There are things unbearable. And there are unbearable things worth bearing.

Today, during my lunch break, I got utterly lost among the mountains and hills of Pennsylvania. and I was really happy about it.

This is my 500th post in this blog. I have been blogging since 1999, when my friend Elissa and I started playing around with the concept of journaling online. Coding our own simple, HTML-based journals hosted by Angelfire and Geocities. Then we were hosted by a lovely girl we had never met on Silverfire.net, which also still exists. Then we got ourselves into Livejournal (somehow mine still exists). I’ve blogged with friends at my friend’s domain, phuzzymath.net, and I’ve blogged on my own. I’ve done the quintessential teenage angst thing on Xanga. I’ve blogged at tigerose.org, which I still own, but now redirects to rosekuo.org. I’ve written about food, humor, relationships, and professional life. There have been many attempts and iterations of blogs under many different aliases, and I experimented with many different ways of expressing myself online.

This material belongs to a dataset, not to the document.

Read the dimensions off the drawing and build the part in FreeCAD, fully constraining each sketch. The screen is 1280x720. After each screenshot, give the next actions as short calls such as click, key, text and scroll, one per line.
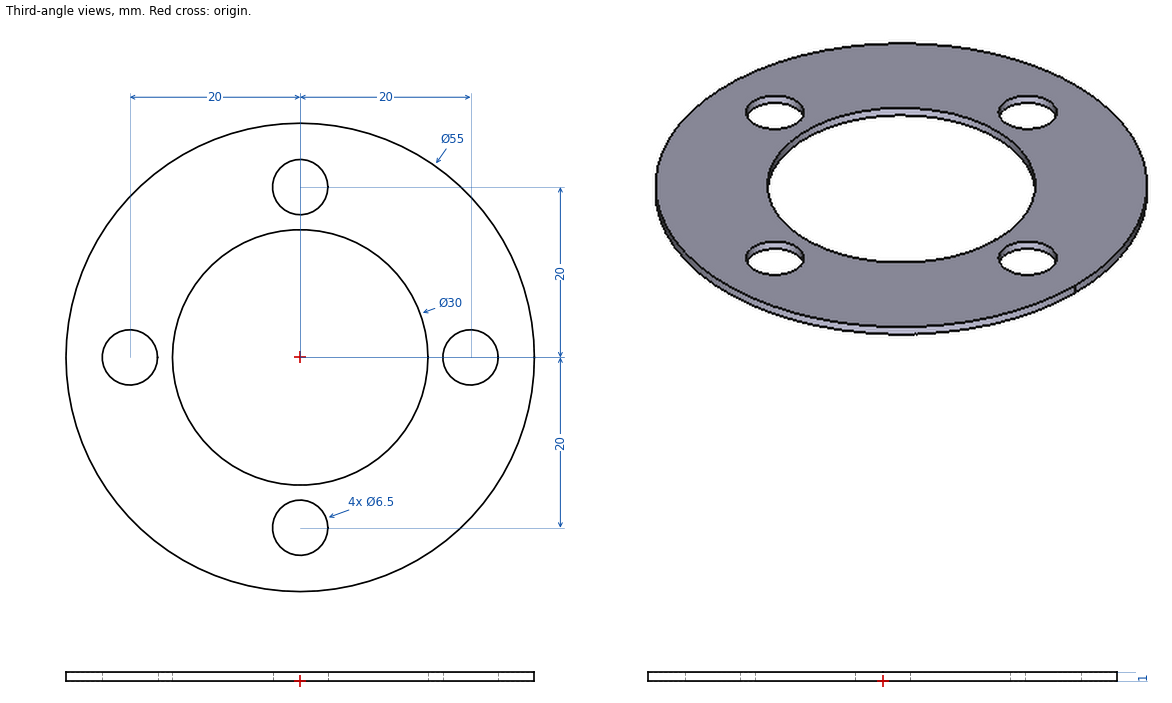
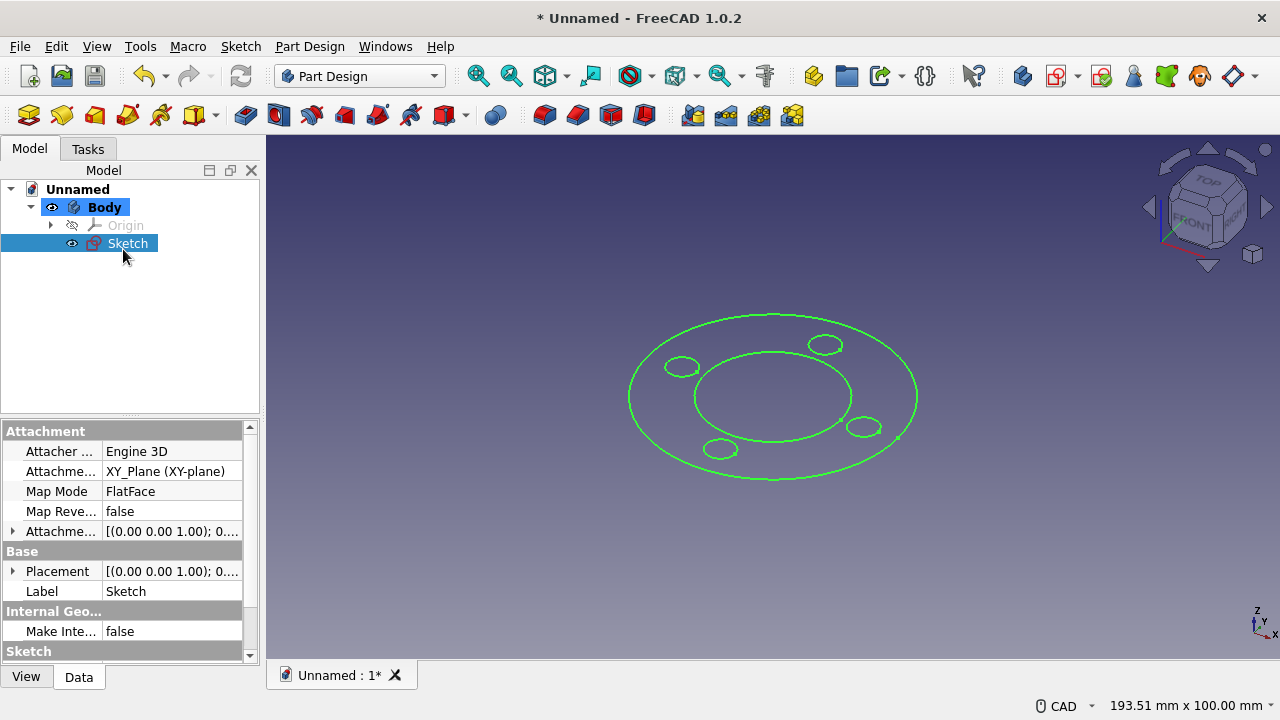
click(29, 116)

I changed my mind all the time and sometimes my inconstancy is my constancy. I’ve tried collaborations and different mishmashes of photos and words and thoughts. I’ve tried to be perfect. I’ve purposely striven for imperfection. I’ve spelled things wrong and then corrected them later. I’ve spelled thing wrong on purpose. I’ve spelled things wrong and never bothered to correct them. I’ve edited and re-edited. I’ve kept the original. I’ve tried to use correct punctuation, and I’ve tried to use no punctuation at all. I’ve been inconsistent in my use of capitalization. I’ve changed my mind about who I share my online presence with. I’ve struggled with how to reconcile my personal writing and photography with my professional life. I’ve struggled with how to reconcile what I write online with what my significant others have wanted (or didn’t want) me to write. I use pronouns instead of names. I use initials instead of pronouns. I use names. I’ve gone through periods of writing nothing at all, for months and months. I’ve gone through phases of only writing down what others have said to me. I’ve gone through phases of only writing down what I’ve read.  I’ve identified myself as a person who writes, but not a writer. And vice versa.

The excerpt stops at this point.